[Opening EXERCISE DATA section]

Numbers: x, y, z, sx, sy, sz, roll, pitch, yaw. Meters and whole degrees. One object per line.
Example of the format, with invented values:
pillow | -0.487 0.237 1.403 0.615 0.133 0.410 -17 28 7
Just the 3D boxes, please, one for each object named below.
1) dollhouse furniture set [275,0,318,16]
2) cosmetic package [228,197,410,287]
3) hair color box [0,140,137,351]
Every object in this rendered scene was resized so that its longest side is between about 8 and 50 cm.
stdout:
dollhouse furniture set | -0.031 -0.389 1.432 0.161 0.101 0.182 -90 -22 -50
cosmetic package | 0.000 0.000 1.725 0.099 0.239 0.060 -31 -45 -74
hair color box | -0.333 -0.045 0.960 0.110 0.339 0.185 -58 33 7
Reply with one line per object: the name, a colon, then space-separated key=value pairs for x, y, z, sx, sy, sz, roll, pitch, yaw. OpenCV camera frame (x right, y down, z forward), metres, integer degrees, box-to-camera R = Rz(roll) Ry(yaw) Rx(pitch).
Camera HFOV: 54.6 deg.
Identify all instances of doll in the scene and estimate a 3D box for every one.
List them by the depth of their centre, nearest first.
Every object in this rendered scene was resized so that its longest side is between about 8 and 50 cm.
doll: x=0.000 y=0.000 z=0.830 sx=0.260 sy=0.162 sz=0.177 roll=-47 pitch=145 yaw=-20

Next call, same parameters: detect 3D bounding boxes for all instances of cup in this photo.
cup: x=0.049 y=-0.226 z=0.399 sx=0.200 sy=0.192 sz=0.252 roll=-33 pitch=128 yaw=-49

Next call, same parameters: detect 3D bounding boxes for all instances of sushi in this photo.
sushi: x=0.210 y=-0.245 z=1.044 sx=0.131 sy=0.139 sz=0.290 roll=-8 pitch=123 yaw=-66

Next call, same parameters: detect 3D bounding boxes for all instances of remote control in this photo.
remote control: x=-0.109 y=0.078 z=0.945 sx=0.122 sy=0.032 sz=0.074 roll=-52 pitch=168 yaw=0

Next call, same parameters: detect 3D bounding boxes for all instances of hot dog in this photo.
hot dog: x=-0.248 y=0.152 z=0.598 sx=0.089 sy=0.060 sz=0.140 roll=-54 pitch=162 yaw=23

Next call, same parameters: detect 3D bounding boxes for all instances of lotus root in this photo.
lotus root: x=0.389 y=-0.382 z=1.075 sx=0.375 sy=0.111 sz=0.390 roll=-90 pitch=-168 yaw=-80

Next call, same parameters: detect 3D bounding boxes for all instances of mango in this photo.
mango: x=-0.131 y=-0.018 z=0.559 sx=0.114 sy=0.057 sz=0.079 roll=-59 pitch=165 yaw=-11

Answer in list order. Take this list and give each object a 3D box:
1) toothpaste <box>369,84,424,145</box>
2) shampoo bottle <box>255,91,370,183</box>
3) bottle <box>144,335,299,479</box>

[Closing EXERCISE DATA section]

* **EXERCISE BRIEF**:
Please retype all of the data above exactly as it appears.

* **RESPONSE TO THIS EXERCISE**:
Numbers: x, y, z, sx, sy, sz, roll, pitch, yaw. Meters and whole degrees. One object per line.
Example of the format, with invented values:
pillow | -0.487 0.237 1.403 0.615 0.133 0.410 -17 28 7
Just the 3D boxes, please, one for each object named below.
1) dollhouse furniture set [275,0,318,16]
2) cosmetic package [228,197,410,287]
3) hair color box [0,140,137,351]
Every object in this rendered scene was resized so that its longest side is between about 8 and 50 cm.
stdout:
dollhouse furniture set | -0.031 -0.389 1.432 0.161 0.101 0.182 -90 -22 -50
cosmetic package | 0.000 0.000 1.725 0.099 0.239 0.060 -31 -45 -74
hair color box | -0.333 -0.045 0.960 0.110 0.339 0.185 -58 33 7
Reply with one line per object: the name, a colon, then space-separated key=value pairs for x, y, z, sx, sy, sz, roll, pitch, yaw. OpenCV camera frame (x right, y down, z forward), metres, integer degrees, box-to-camera R = Rz(roll) Ry(yaw) Rx(pitch).
Camera HFOV: 54.6 deg.
Identify all instances of doll in the scene and estimate a 3D box for every one.
List them by the depth of their centre, nearest first.
Every object in this rendered scene was resized so that its longest side is between about 8 and 50 cm.
doll: x=0.000 y=0.000 z=0.830 sx=0.260 sy=0.162 sz=0.177 roll=-47 pitch=145 yaw=-20

Next call, same parameters: detect 3D bounding boxes for all instances of cup in this photo.
cup: x=0.049 y=-0.226 z=0.399 sx=0.200 sy=0.192 sz=0.252 roll=-33 pitch=128 yaw=-49

Next call, same parameters: detect 3D bounding boxes for all instances of sushi in this photo.
sushi: x=0.210 y=-0.245 z=1.044 sx=0.131 sy=0.139 sz=0.290 roll=-8 pitch=123 yaw=-66

Next call, same parameters: detect 3D bounding boxes for all instances of remote control in this photo.
remote control: x=-0.109 y=0.078 z=0.945 sx=0.122 sy=0.032 sz=0.074 roll=-52 pitch=168 yaw=0

Next call, same parameters: detect 3D bounding boxes for all instances of hot dog in this photo.
hot dog: x=-0.248 y=0.152 z=0.598 sx=0.089 sy=0.060 sz=0.140 roll=-54 pitch=162 yaw=23

Next call, same parameters: detect 3D bounding boxes for all instances of lotus root in this photo.
lotus root: x=0.389 y=-0.382 z=1.075 sx=0.375 sy=0.111 sz=0.390 roll=-90 pitch=-168 yaw=-80

Next call, same parameters: detect 3D bounding boxes for all instances of mango in this photo.
mango: x=-0.131 y=-0.018 z=0.559 sx=0.114 sy=0.057 sz=0.079 roll=-59 pitch=165 yaw=-11

Answer in list order. Take this list and give each object a 3D box:
1) toothpaste <box>369,84,424,145</box>
2) shampoo bottle <box>255,91,370,183</box>
3) bottle <box>144,335,299,479</box>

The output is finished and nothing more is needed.